* [What this task involves] When you copy the data, keep every word exactly as it is and leave the pictures out.

* [Material provided]
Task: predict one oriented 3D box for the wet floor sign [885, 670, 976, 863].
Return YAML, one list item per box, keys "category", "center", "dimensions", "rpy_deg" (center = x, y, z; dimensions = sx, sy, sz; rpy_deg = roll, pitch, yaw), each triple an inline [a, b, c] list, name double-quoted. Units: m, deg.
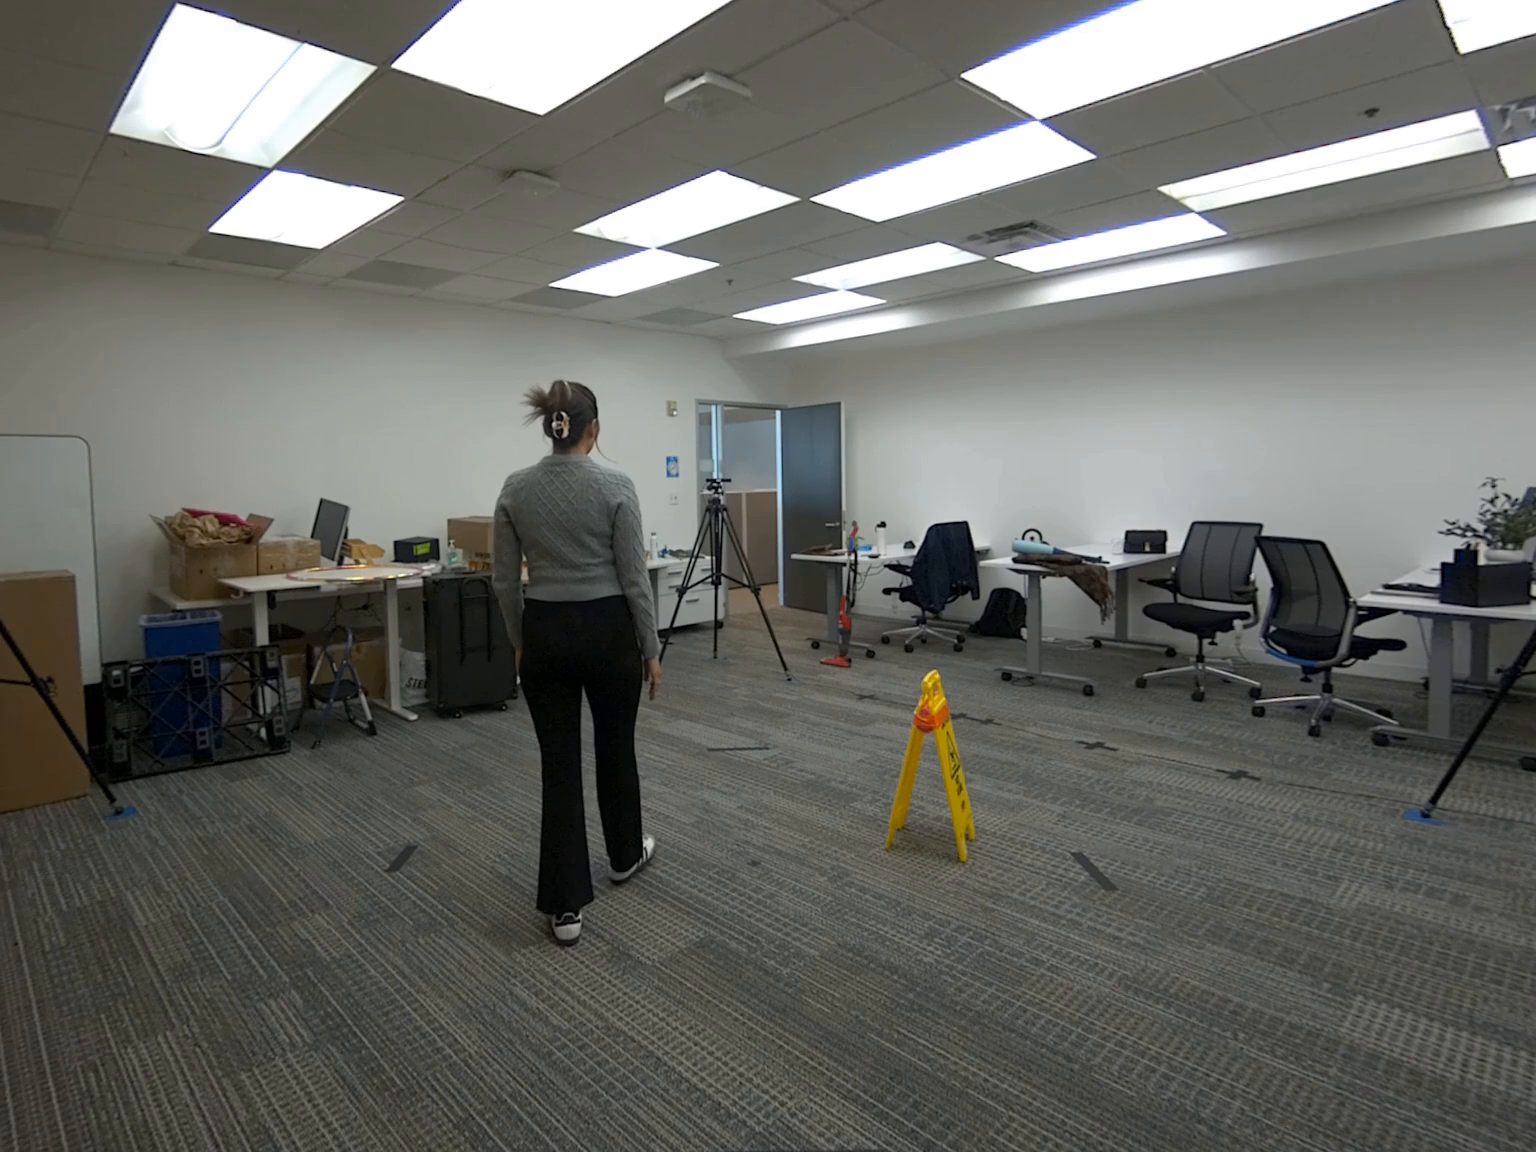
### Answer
- category: "wet floor sign"
  center: [0.625, 0.696, 3.243]
  dimensions: [0.296, 0.643, 0.277]
  rpy_deg: [2, 5, 24]
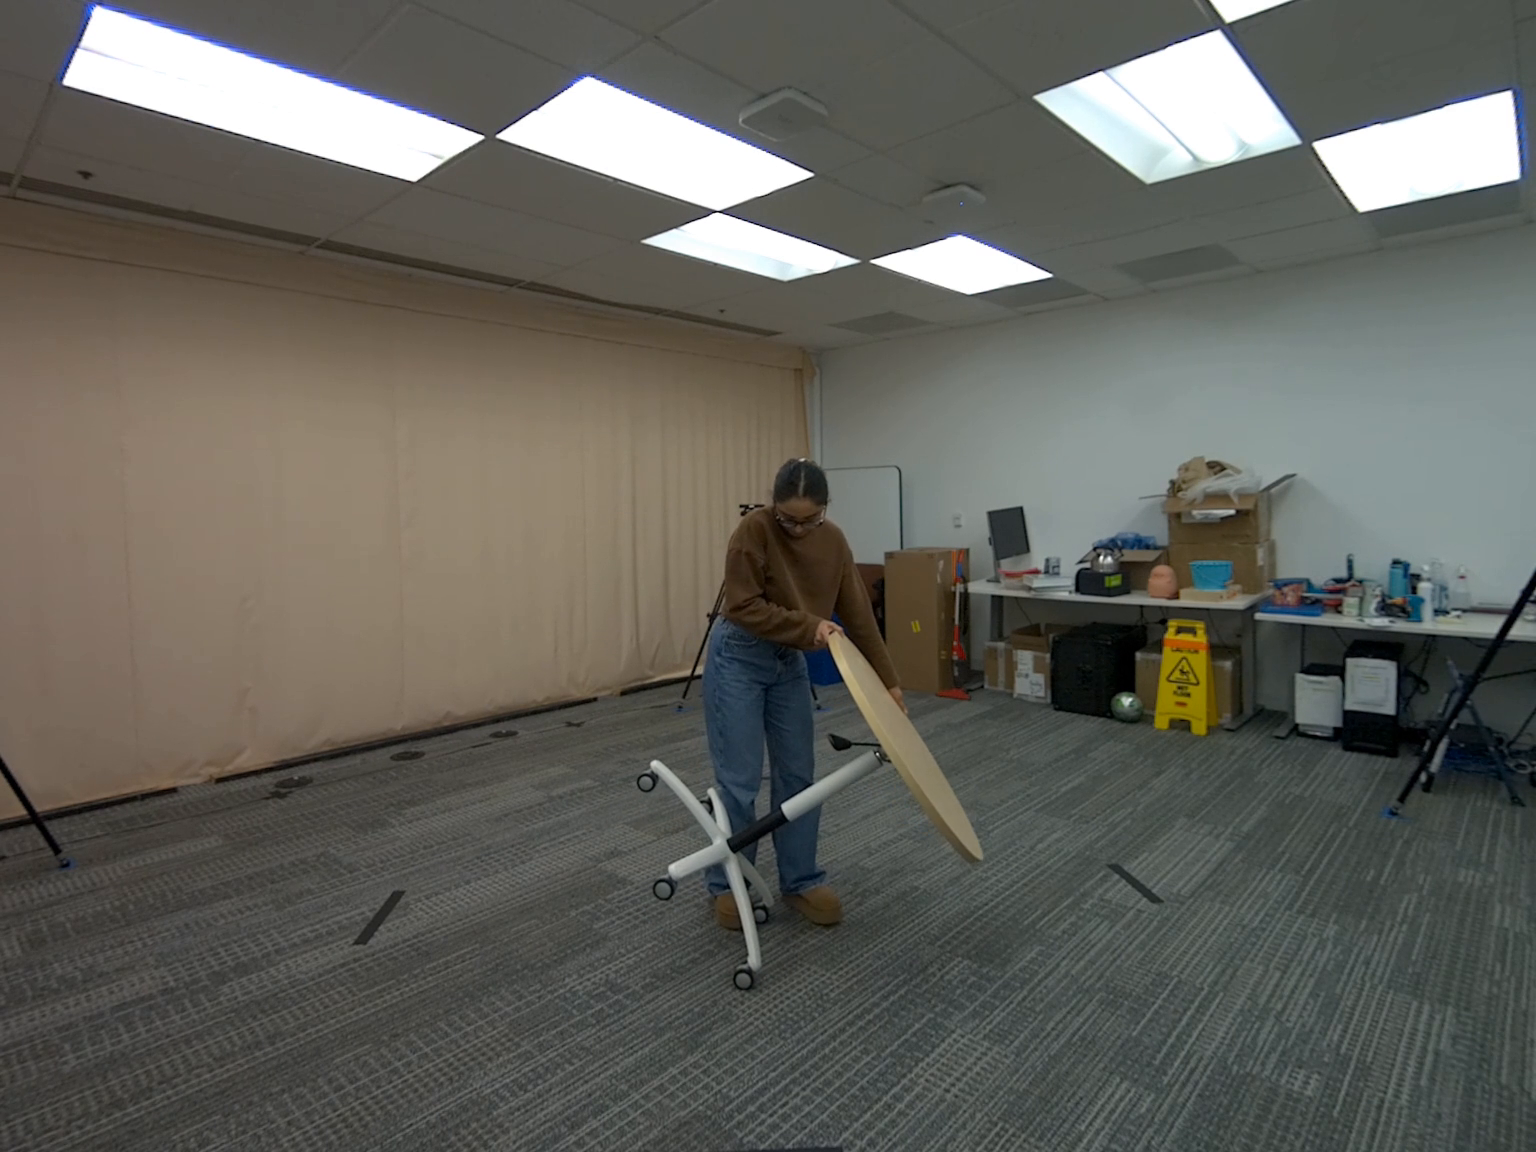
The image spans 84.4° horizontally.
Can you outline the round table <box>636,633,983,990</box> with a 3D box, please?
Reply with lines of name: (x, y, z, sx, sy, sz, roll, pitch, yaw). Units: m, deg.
round table: (0.096, 0.708, 2.567, 0.797, 0.766, 0.759, -35, -1, 8)
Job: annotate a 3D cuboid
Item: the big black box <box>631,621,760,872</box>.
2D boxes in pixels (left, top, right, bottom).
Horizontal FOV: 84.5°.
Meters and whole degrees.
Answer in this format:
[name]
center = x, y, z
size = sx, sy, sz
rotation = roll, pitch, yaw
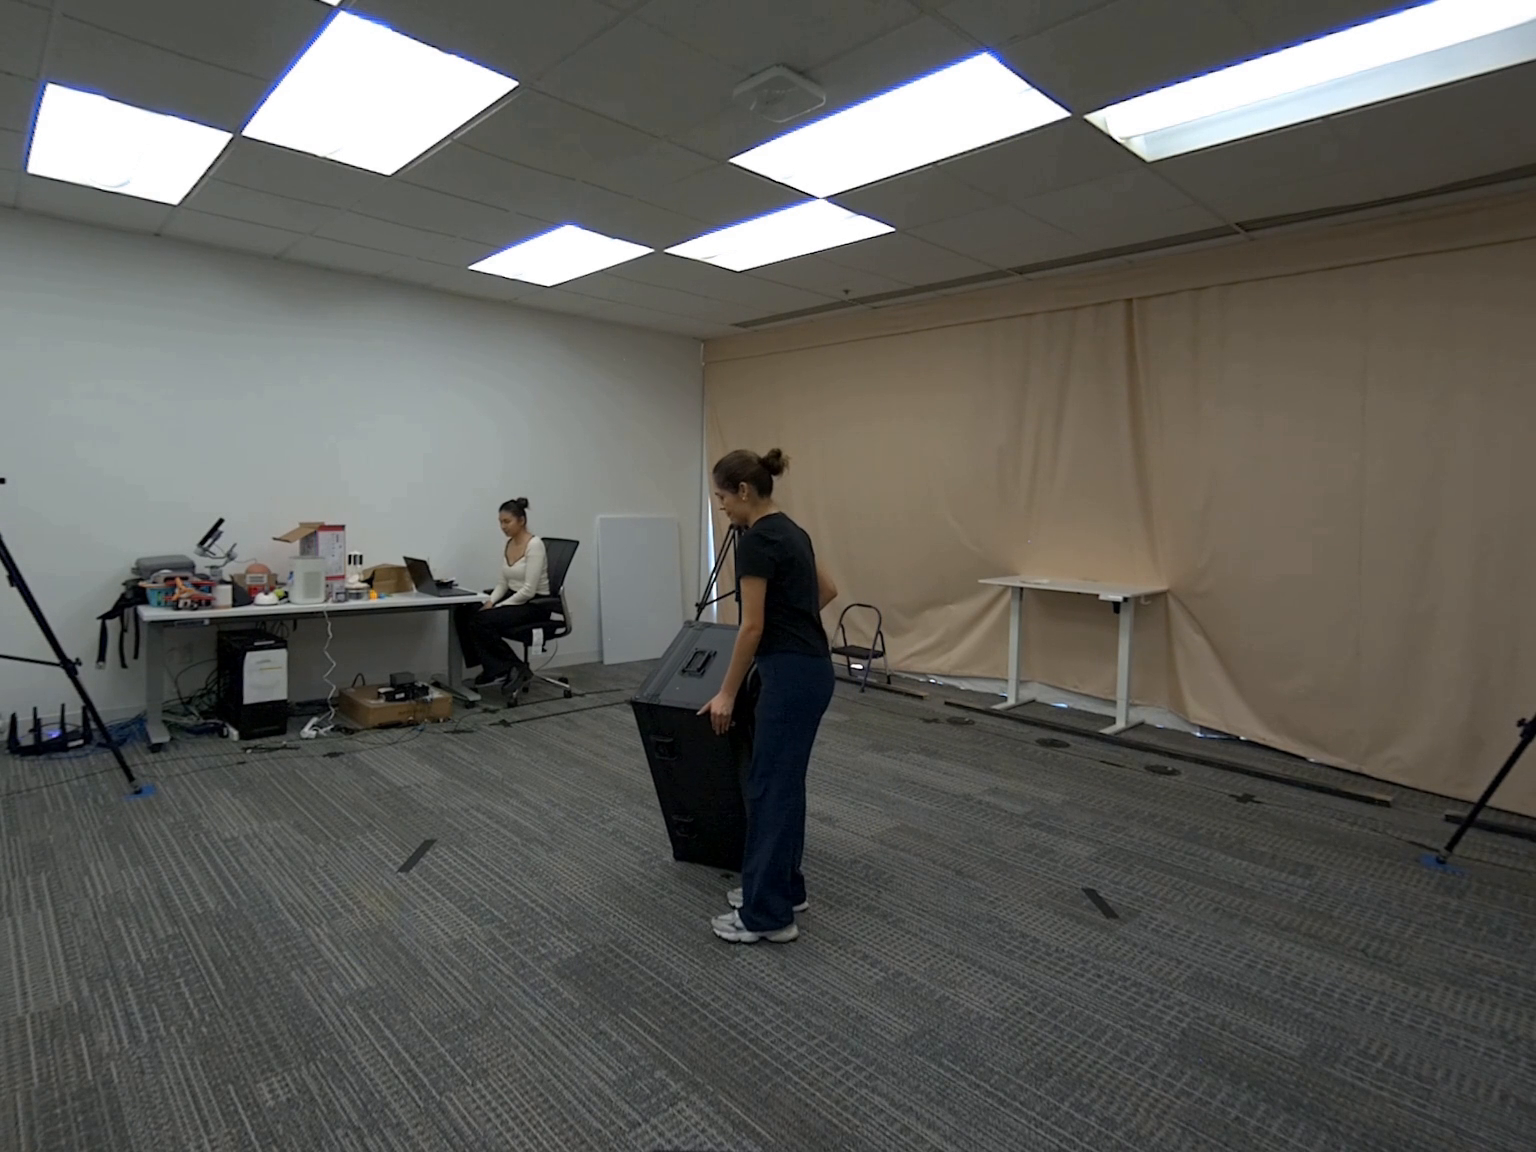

* [Solution for this exercise]
Task: predict one oriented 3D box for the wet floor sign [885, 670, 976, 863].
Return YAML, one list item per box, keys "category", "center", "dimensions", "rpy_deg" (center = x, y, z; dimensions = sx, sy, sz; rpy_deg = roll, pitch, yaw), each triple an inline [a, b, c] list, name double-quoted. Units: m, deg.
### Answer
- category: "wet floor sign"
  center: [0.625, 0.696, 3.243]
  dimensions: [0.296, 0.643, 0.277]
  rpy_deg: [2, 5, 24]
The image spans 84.4° horizontally.
Can you outline the round table <box>636,633,983,990</box> with a 3D box, please?
Reply with lines of name: (x, y, z, sx, sy, sz, roll, pitch, yaw). Units: m, deg.
round table: (0.096, 0.708, 2.567, 0.797, 0.766, 0.759, -35, -1, 8)
Job: annotate a 3D cuboid
Item: the big black box <box>631,621,760,872</box>.
2D boxes in pixels (left, top, right, bottom).
Horizontal FOV: 84.5°.
Meters and whole degrees.
Answer in this format:
[name]
center = x, y, z
size = sx, sy, sz
rotation = roll, pitch, yaw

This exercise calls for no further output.